**SUPPLIED DATA**

+ + + + + + +

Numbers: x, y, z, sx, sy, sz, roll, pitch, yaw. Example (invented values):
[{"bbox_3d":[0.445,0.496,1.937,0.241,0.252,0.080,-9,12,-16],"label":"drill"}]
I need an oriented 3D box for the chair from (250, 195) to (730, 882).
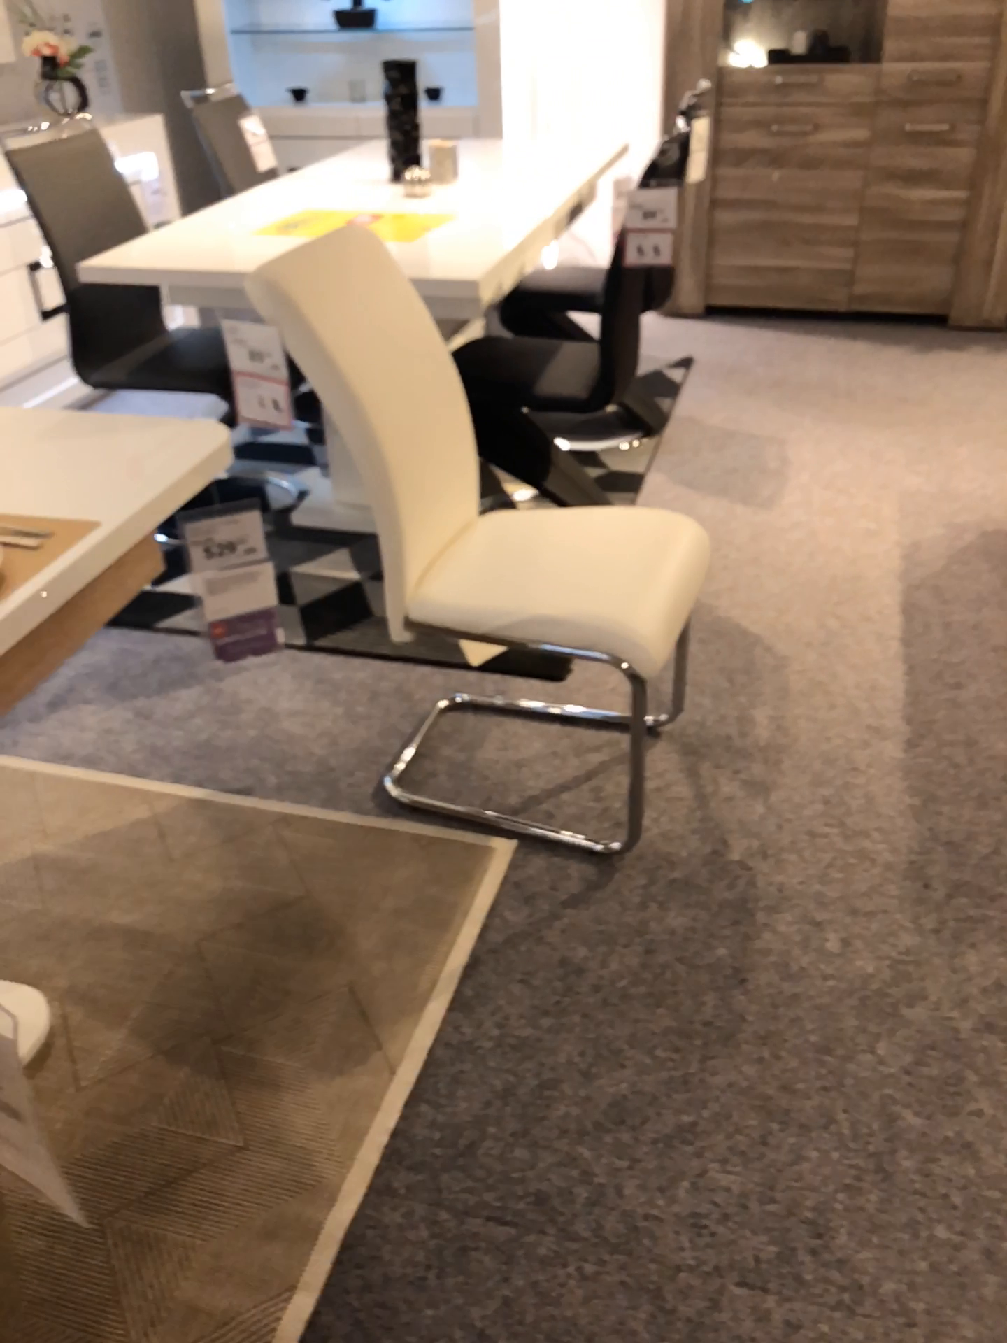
[{"bbox_3d":[0.026,-0.221,1.793,0.550,0.925,0.503,7,33,14],"label":"chair"}]

+ + + + + + +

**WHAT THE TASK ASKS**
Repeat exactly the lines from the one containing "I need an oriented" to the last line of the data above, both included, and write no pictures into the copy.

**EXERCISE SOLUTION**
I need an oriented 3D box for the chair from (250, 195) to (730, 882).
[{"bbox_3d":[0.026,-0.221,1.793,0.550,0.925,0.503,7,33,14],"label":"chair"}]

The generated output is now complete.